Netflix officials have sent out a note to employees that has leaked to The New York Times. The note states the streaming platform is looking to fast-track its plans on account sharing and an ad-supported tier.
According to a report from The New York Times, two anonymous sources told the publication that a note was issued to employees that stated Netflix is planning on rolling out an ad-supported tier to the streaming platform during the fourth quarter of 2022. The note also stated that it will be addressing the large problem of account sharing across households, which follows an abysmal earning report released last month that revealed Netflix lost 200,000 subscribers.
Co-chief executive Reed Hastings said around the time of the earnings report release that the company would address the issue "over the next year or two". However, the notes sent to employees seem to show Netflix has changed its tune, with the sources saying the note indicated Netflix's plan is "faster and ambitious, and it will require some trade-offs".

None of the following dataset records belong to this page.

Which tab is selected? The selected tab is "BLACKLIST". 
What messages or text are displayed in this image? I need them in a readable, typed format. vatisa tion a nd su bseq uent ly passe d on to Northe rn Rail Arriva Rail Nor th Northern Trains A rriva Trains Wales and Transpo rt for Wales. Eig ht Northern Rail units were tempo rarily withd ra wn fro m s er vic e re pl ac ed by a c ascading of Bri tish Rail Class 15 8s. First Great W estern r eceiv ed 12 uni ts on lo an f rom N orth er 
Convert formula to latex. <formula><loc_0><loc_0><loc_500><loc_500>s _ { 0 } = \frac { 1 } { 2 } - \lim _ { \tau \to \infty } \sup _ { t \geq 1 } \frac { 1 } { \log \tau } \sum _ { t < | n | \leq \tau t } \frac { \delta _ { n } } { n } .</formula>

Notably, Netflix has already said its conducting testing on ways to stop account sharing without completely killing its userbase, as a recent survey from Leichtman Research Group revealed that nearly a third of all US-based Netflix subscribers are sharing accounts between households.
What Netflix's plan is exactly, the company only knows, but it seems there is something in the works if the company is planning on rolling out an ad-supported tier and a fix to account sharing in quarter four. Furthermore, Netflix has said that it doesn't want to ban account sharing across households completely but wants users who are consuming the platform content to pay for what they are enjoying.
Throughout Q1 2022, Netflix lost more than 200,000 subscribers, marking the first loss in subscribers for the platform in 11 years. The streaming platform predicted it would lose an additional two million subscribers in Q2 2022.